Al fine di isolare gli acidi nucleici liberi circolanti dai campioni di sangue, si consiglia di seguire questo protocollo, che prevede una fase di centrifugazione a elevata forza gravitazionale per rimuovere i detriti cellulari, riducendo così la quantità di DNA e RNA cellulare o genomico nel campione.

1. Collocare il sangue intero EDTA in provette BD Vacutainer^® (o altre provette primarie contenenti EDTA come anticoagulante) in una centrifuga raffreddata a 4°C con rotore oscillante e scomparti adeguati.

2. Centrifugare i campioni di sangue per 10 minuti a 1900 x g (3000 rpm) a 4°C.
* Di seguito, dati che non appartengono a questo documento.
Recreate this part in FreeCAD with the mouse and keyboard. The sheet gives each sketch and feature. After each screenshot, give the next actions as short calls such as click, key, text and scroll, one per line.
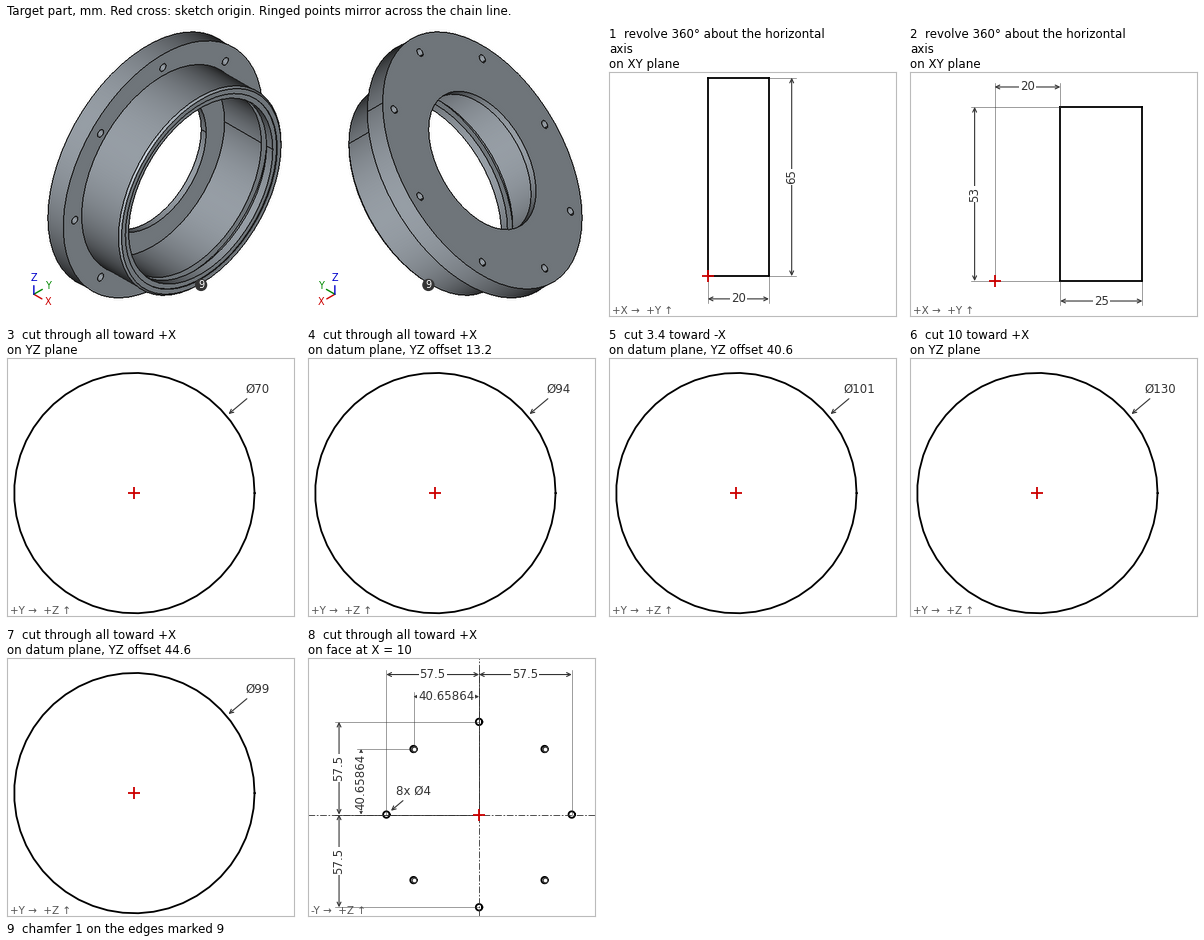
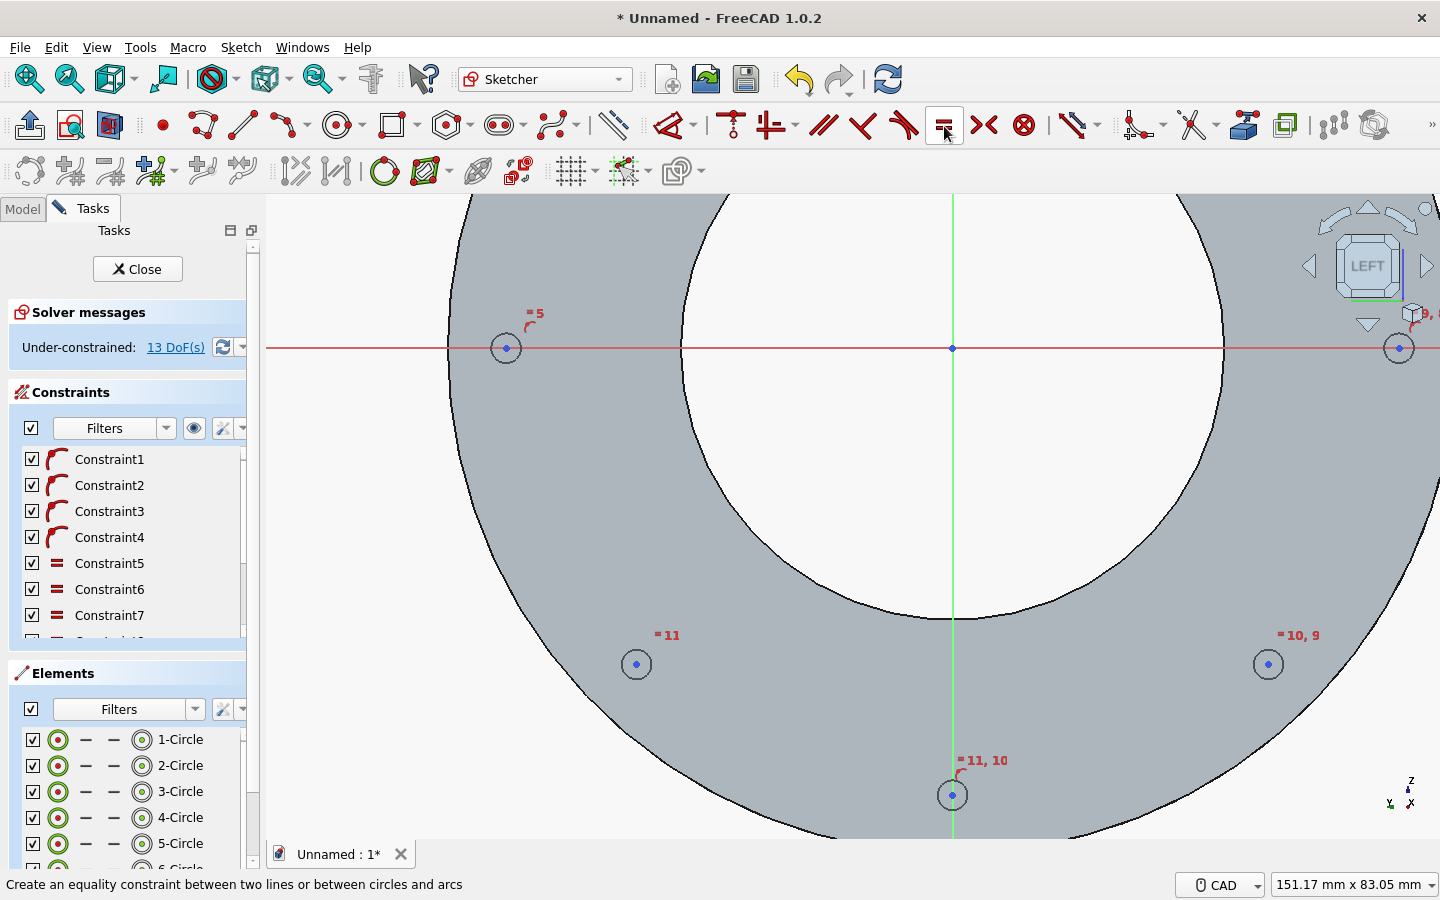
scroll(647, 654, down, 4)

3. Aspirare accuratamente il surnatante con plasma senza alterare lo strato di interfaccia plasma-cellula. Da una provetta primaria da 10 ml si possono ottenere circa 4–5 ml di plasma.

Nota: in questa fase, il plasma può essere utilizzato per l’estrazione dell’acido nucleico circolante. Tuttavia, la successiva centrifugazione ad alta velocità rimuoverà ulteriori detriti cellulari e la contaminazione degli acidi nucleici circolanti con DNA e RNA genomici derivati da cellule ematiche nucleate danneggiate.

4. Il plasma aspirato viene trasferito in una nuova provetta da centrifuga.

5. Centrifugare i campioni di plasma per 10 minuti a 16.000 x g (in rotore ad angolo fisso) a 4°C.

Questo rimuoverà gli ulteriori acidi nucleici cellulari attaccati ai detriti cellulari.

6. Rimuovere accuratamente il surnatante e trasferirlo in una nuova provetta senza toccare il sedimento.

7. Se il plasma sarà utilizzato per l’estrazione dell’acido nucleico quello stesso giorno, conservare a 2-8°C fino all’ulteriore elaborazione. Per una conservazione più prolungata, le aliquote di plasma da provette di raccolta di sangue stabilizzato e non stabilizzato possono essere conservate a -20ºC (DNA come target) o -80ºC (RNA come target) almeno per 4 settimane. Prima di utilizzare il plasma per l’estrazione dell’acido nucleico circolante, scongelare le provette di plasma a temperatura ambiente.

8. Facoltativo: per rimuovere i crioprecipitati, centrifugare i campioni di plasma per 5 minuti a 16.000 x g (in rotore ad angolo fisso).

Facoltativo: trasferire il surnatante in una nuova provetta, quindi iniziare con il protocollo di estrazione dell’acido nucleico circolante.

Appendice B: Note generali per il trattamento dell’RNA

Trattamento dell’RNA

Le ribonucleasi (RNasi) sono enzimi molto stabili e attivi che non necessitano normalmente di cofattori per espletare la loro funzione. Poiché le RNasi sono difficili da inattivare e anche minime quantità sono sufficienti a distruggere l’RNA, non utilizzare materiale in plastica o vetro senza aver prima eliminato le possibili contaminazioni da RNasi. Fare molta attenzione a non introdurre inavvertitamente RNasi nel campione di RNA durante o dopo la procedura di purificazione. Per creare e mantenere un ambiente privo di RNasi, mentre si lavora con l’RNA adottare le seguenti precauzioni durante il pretrattamento e l’uso di recipienti monouso e riutilizzabili e di soluzioni.

Raccomandazioni generali per il trattamento

Quando si lavora con l’RNA è necessario utilizzare tecniche di asepsi microbiologiche appropriate. Le mani e le particelle di polvere possono essere vettori di batteri e muffe e sono la fonte più comune di contaminazione da RNasi. Indossare sempre guanti in lattice o vinile quando si manipolano i reagenti e i campioni di RNA, per evitare la contaminazione da RNasi dovuta alla superficie della pelle o alla polvere delle attrezzature di laboratorio.

Cambiare i guanti frequentemente e chiudere le provette subito dopo l’uso. Mantenere l’RNA purificato in ghiaccio mentre si pipettano le aliquote per le applicazioni successive.

Plastica da laboratorio monouso

Si raccomanda l’uso di provette in polipropilene monouso, prive di RNasi e sterili durante l’intera procedura.